To provide customers with the best integrated solutions, iST adopts several approaches to strengthen the capabilities of its team. Firstly, iST continues to invest in its hardware and equipment to establish a comprehensive analytical environment. Secondly, the company works to enhance the quality and quantity of its talents. Employees are encouraged to proactively participate in academic conferences, and engage in exchanges and collaborations with research institutions. Meanwhile, industry experts are also recruited into the team.

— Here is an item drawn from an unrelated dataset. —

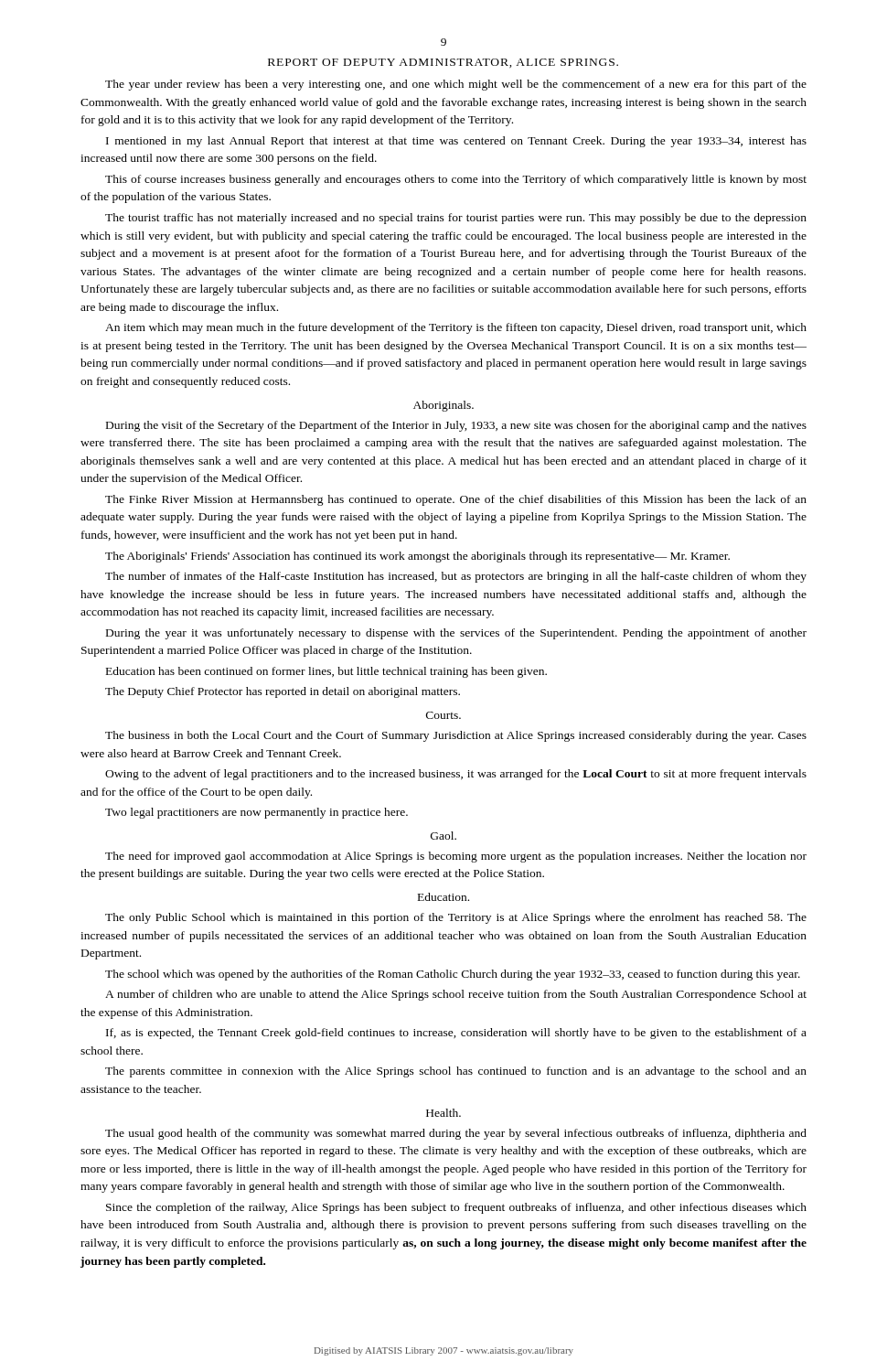Locate the text starting "The only Public School which is maintained"
The image size is (887, 1372).
point(444,1003)

Aside from investing in hardware and cultivating talents, Shen mentioned that another important aspect is the utilization of data science in iST. He said that with the increasing data volume nowadays, data analysis and processing have become ever more important. iST uses AI-automated measurement technology to effectively reduce human error. By integrating automated measurement technology with TEM, not only can the precise dimensions, shapes, and distribution of grains and nanometer-sized particles be accurately measured, the thickness and width of thin-film layers can also be measured. Through this integration, a continuous stream of data on nanoscale components can be generated, ultimately enhancing process yield and creating new business opportunities.

In addition to advanced processes, advanced packaging for heterogeneous integration, and compound semiconductors, more new technologies will emerge in the future. In this regard, Shen said that iST will work to establish a comprehensive hardware environment, nurture cross-disciplinary talents, and develop analytical technologies. In response to the rapidly changing semiconductor industry, iST aims to become the strongest force through professional analysis services, supporting customers to emerge a winner from market competition.

iST executives, credit: DIGITIMES

iST's Assistant Vice President of Material Analysis Engineering Division, Kim Hsu (left), and Director of Failure Analysis Engineering Division, Shih-Hsorngg Shen (right), pointed out that new semiconductor technologies must be complemented by sophisticated analytical technologies to ensure product quality and reliability.